Chaque année, le DigiWorld Summit est le rendez-vous des acteurs du numérique. A partir des analyses des experts de l’IDATE, ils confrontent leurs visions sur notre monde numérique et ses enjeux. Rencontre avec Yves GASSOT, Directeur général de l’IDATE.
média+ : La croissance mondiale dans le secteur des télécoms est faible. Pourquoi ?
Yves GASSOT : C’est la conjugaison de plusieurs éléments. L’industrie des télécommunications est soumise à des politiques de concurrence qui donnent lieu le plus souvent à des guerres des prix. Il y a un mouvement de déflation, et c’est particulièrement vrai en Europe. Deuxièmement, les opérateurs télécom sont dans une transformation radicale. La voie téléphonique représente aujourd’hui une portion congrue du business. Les applications sont sorties du réseau de télécommunications pour constituer les OTT (Over The Top). Les opérateurs télécom doivent redéfinir leur business model pour conserver des marges brutes conséquentes. Ce sont des acteurs qui ont des obligations d’investissement de l’ordre de 12 à 16% de leur chiffre d’affaires pour investir dans la 5G et la fibre optique. C’est une économie assez tendue mais extrêmement puissante. Quand vous regardez la totalité des revenus du secteur du numérique qui est à près de 3.600 milliards €, les télécoms engrangent plus de 1.100 milliards €.

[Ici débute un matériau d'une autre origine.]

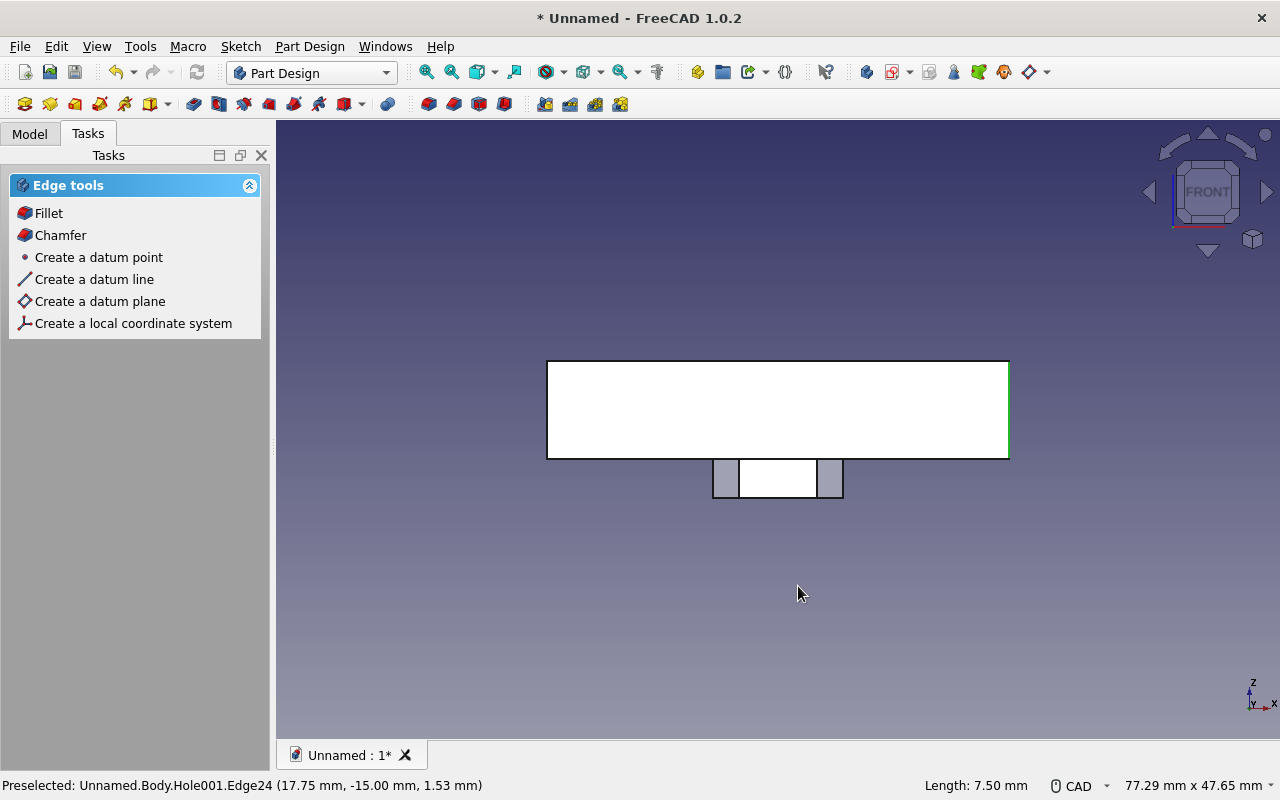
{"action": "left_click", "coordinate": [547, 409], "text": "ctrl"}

média+ : La stratégie de convergence des télécoms va-t-elle se généraliser ?
Yves GASSOT : La 1ère acceptation de la convergence est celle du fixe et du mobile, que ce soit au niveau des infrastructures que des offres commerciales. La 2ème interprétation de la convergence, c’est l’intérêt manifesté par les acteurs de télécommunication pour les contenus audiovisuels, soit pour distribuer des chaînes de TV ou des services de SVOD, soit pour investir directement dans la production. C’est ce que ATT cherche à faire en cherchant à prendre le contrôle de Time Warner. La tendance principale est celle de la globalisation de l’audiovisuel.

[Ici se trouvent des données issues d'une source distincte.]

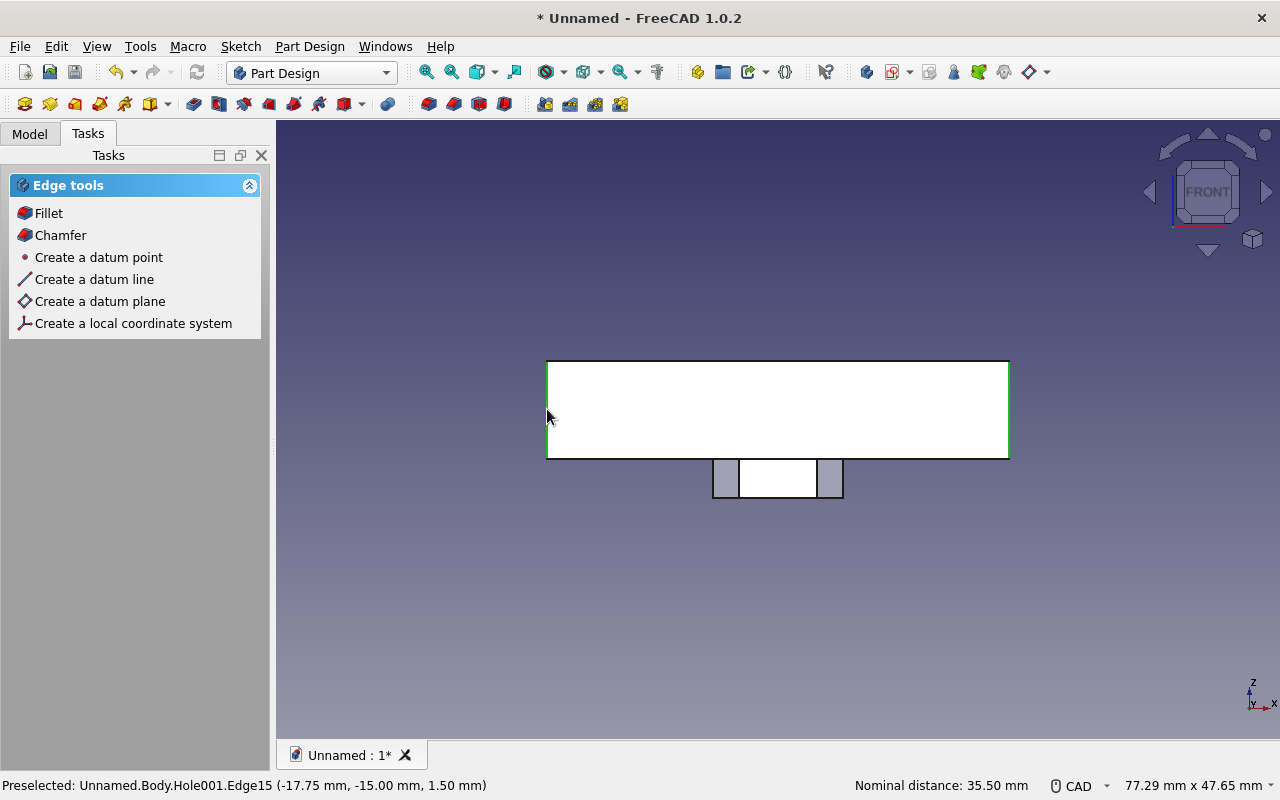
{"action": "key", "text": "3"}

média+ : Comment les opérateurs télécom s’invitent-ils sur le marché audiovisuel ?
Yves GASSOT : Plus que jamais, le contenu est roi. Préalablement, quand un studio d’Hollywood voulait exister en France, il devait passer un contrat avec une chaîne de TV. Aujourd’hui, si vous disposez des droits, vous pouvez à partir de quelques serveurs, offrir l’accès à vos films et séries sans avoir besoin d’Orange, TF1, Vodafone ou de la BBC. Demain, l’internet sera très haut débit. Et si jamais un opérateur de télécom ou un câblo-opérateur refuse les produits du studio, la concurrence sera effective. Des acteurs comme Netflix peuvent partir à la conquête du monde. Face à cette situation, les plus gros des opérateurs comme ATT ou Verizon, plutôt que de se laisser contourner par Netflix ou par l’autodistribution d’Hollywood comme le fait HBO, remontent dans la chaîne de valeur et achètent des chaînes de TV ou des contenus. Le risque que vous prenez est de contracter le chiffre d’affaires. De plus, la loi antitrust n’aime pas trop l’intégration verticale.
média+ : Donald Trump n’a pas attribué de place importante aux télécoms. Quel sera impact sur le marché ?

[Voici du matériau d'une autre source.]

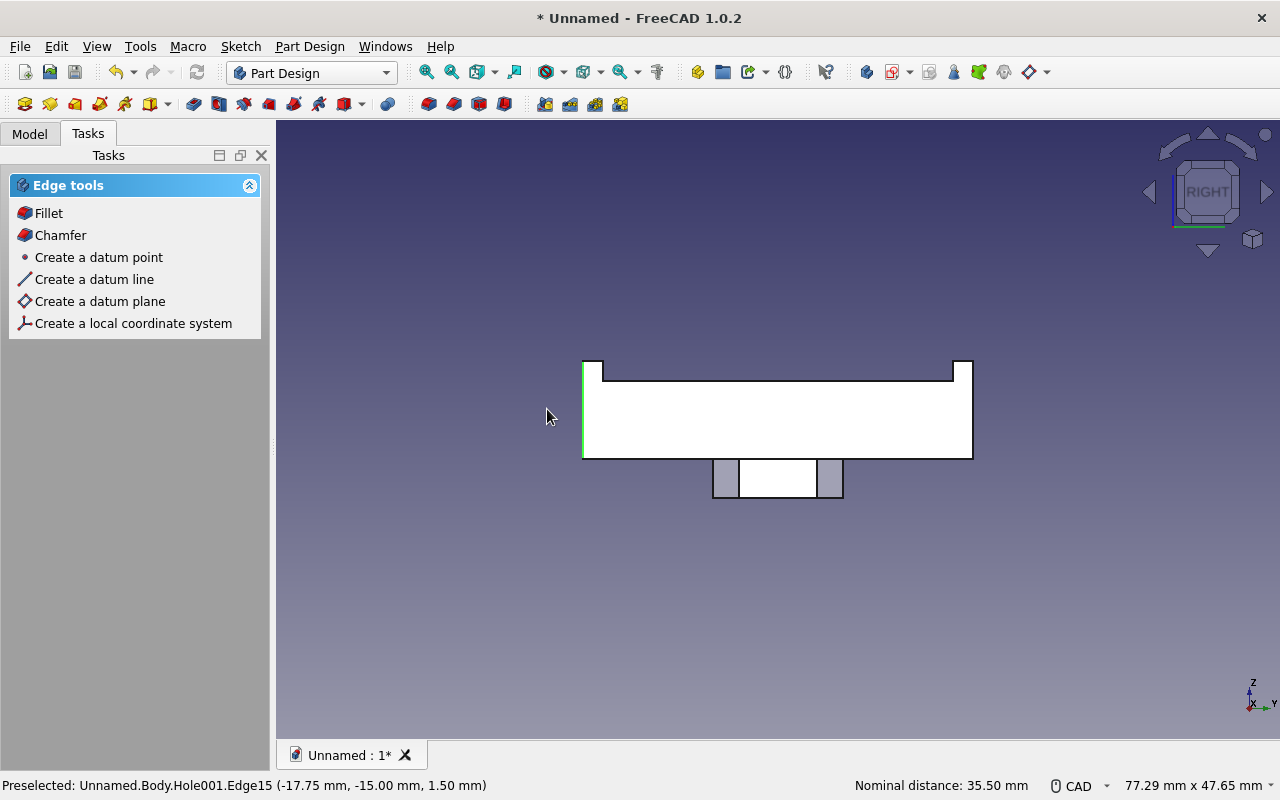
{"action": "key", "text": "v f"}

Les Républicains sont beaucoup plus favorables aux télécoms mais restent assez hostiles au monde la Sillicon Valley ainsi qu’au marché de l’internet. Les efforts de régulation de la FTC (Federal Trade Commission) que l’on a connus aux Etats-Unis ces 3 dernières années, pour imposer un peu plus de concurrence, risque d’être mis en cause par l’administration Trump. La neutralité du Net pourrait même être menacée. Du côté de la Sillicon Valley, on peut craindre que les agences fédérales aient plus de pouvoirs pour remettre en cause le cryptage mis en œuvre par des plateformes telles que Facebook ou WhatsApp. Comme la volonté de Trump est de protéger le marché national, il peut faire grimper les droits de douane que payent Samsung, forcer Apple à réintégrer une partie de la production aux Etats-Unis, ce qui ferait exploser le prix des smartphones.